Nicosia backs interest rate increase


Finance Minister Konstantinos Petrides confirmed that European monetary authorities are considering raising interest rates to combat high inflation.

Speaking at a conference on the future of Europe organized by the Glafkos Clerides Institute, the minister’s comments were interpreted as confirmation that Cyprus was in favor of raising interest rates to control inflation.

The EU’s central bank is mulling over the idea, sparking debate among member states and academia.

Petrides praised the many benefits of Cyprus’ EU accession, arguing that accession saved the country from a much worse fate. “If the country had not been an EU member state and a member of the eurozone, during the financial crisis of 2013 we would have found ourselves today as Turkey. The minister said the pandemic caused “cardiac arrest” in the EU as legal restrictions on the economy were introduced for the first time.

Petrides said the much-criticized EU has shown a quick response to the change in monetary policy and the issuance of a joint sustainability fund debt instrument. However, he warned that two years later, Europe still faces many challenges due to the pandemic. “We should not underestimate EU fiscal rules as they have led to a strong euro and prosperity. Debt has risen and many countries urgently need to address this problem. Cyprus is not among those countries because we have successfully handled the situation.”The Minister added that long periods of low interest rates are associated with the inflation recorded today, high real estate prices and the rise in prices of many products.
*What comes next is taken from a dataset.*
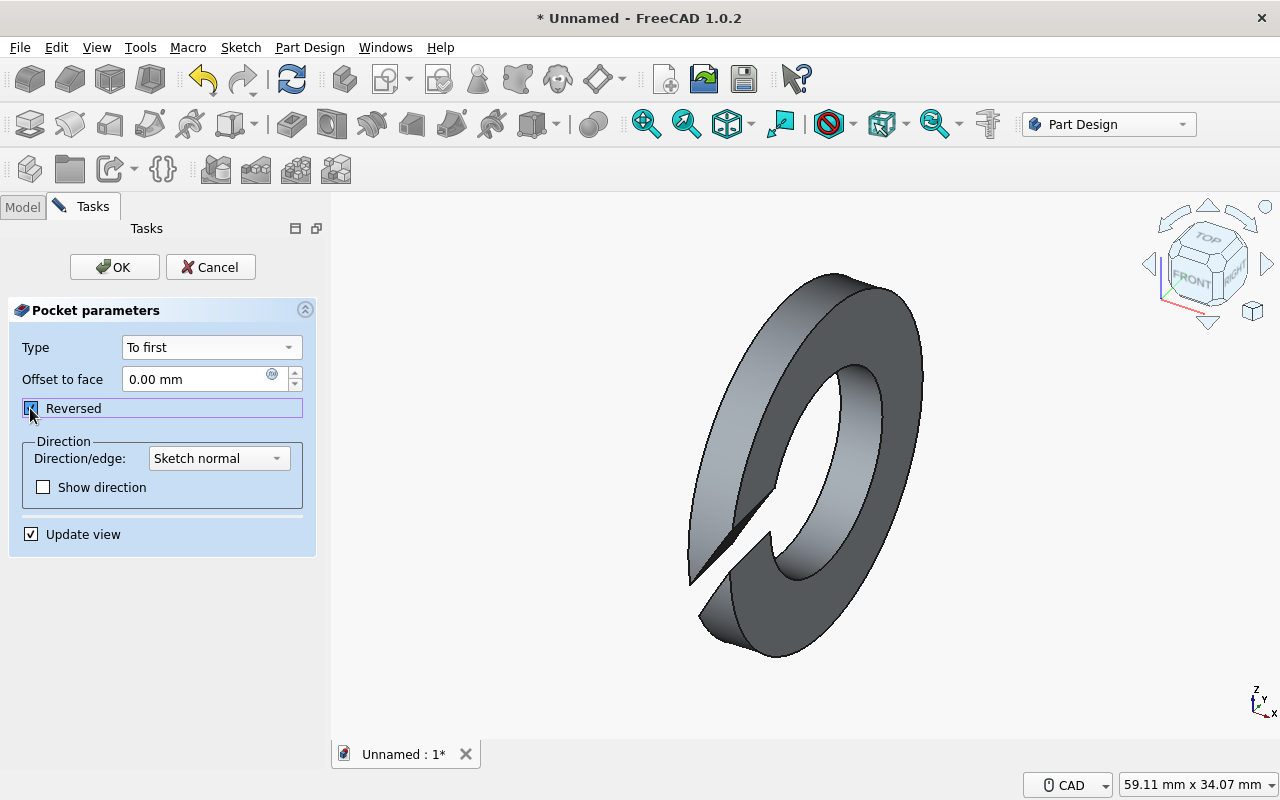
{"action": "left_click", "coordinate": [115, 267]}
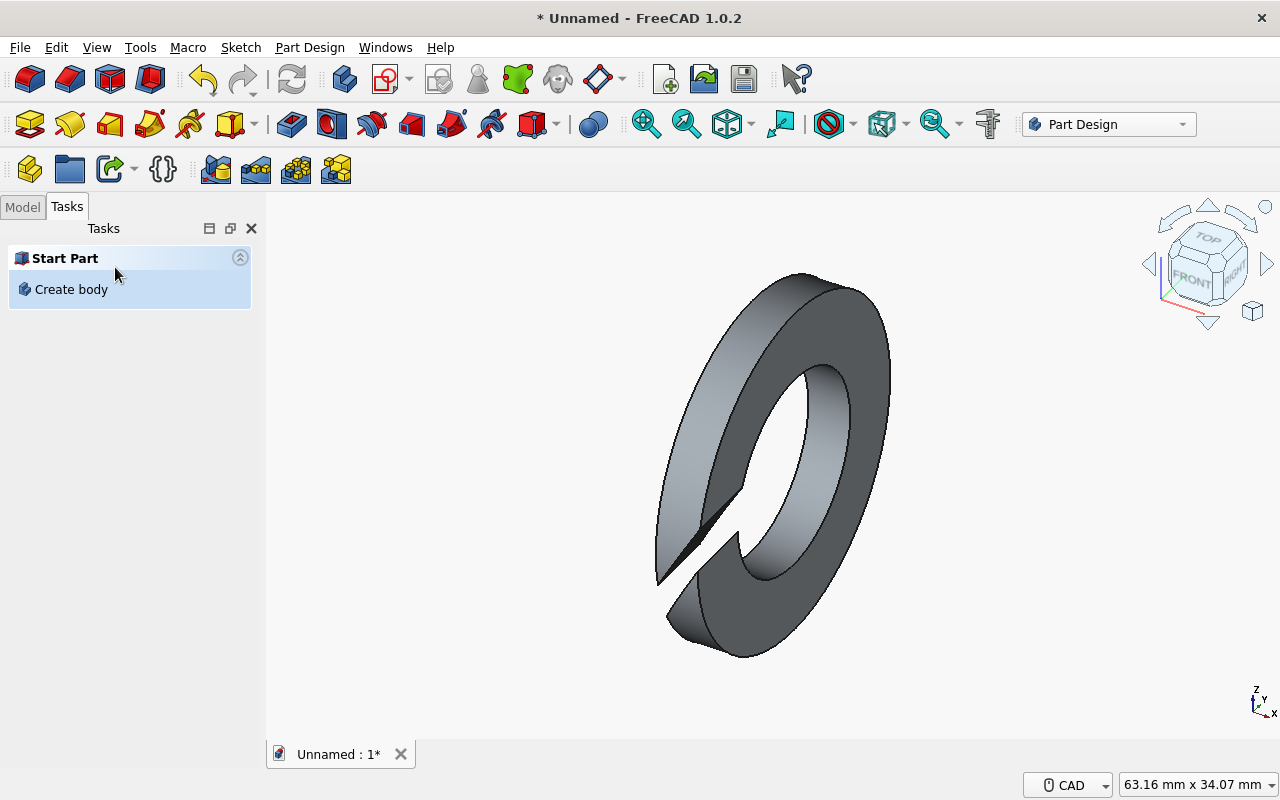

Petrides said EU inflation is similar to 1980-81, but disagrees with those who say it is temporary. He said the EU must be prepared to manage it with money.

It is understood that Petrides was considering arguments against raising interest rates put forward by the Central Bank of Cyprus. In comments made by US network CNBC, Bank of Cyprus Governor Konstantinos Herodotou said that increased interest would not solve the problem. Herodotus said the CBC expects inflation to ease in the coming years, highlighting the need for more action from the EU. The ECB estimates that it noted that inflation is expected to decrease in 2023 and 2024. Herodotus argued that any increase in interest rates would not affect the main source of inflationary pressure caused by rising energy prices and supply chain disruption.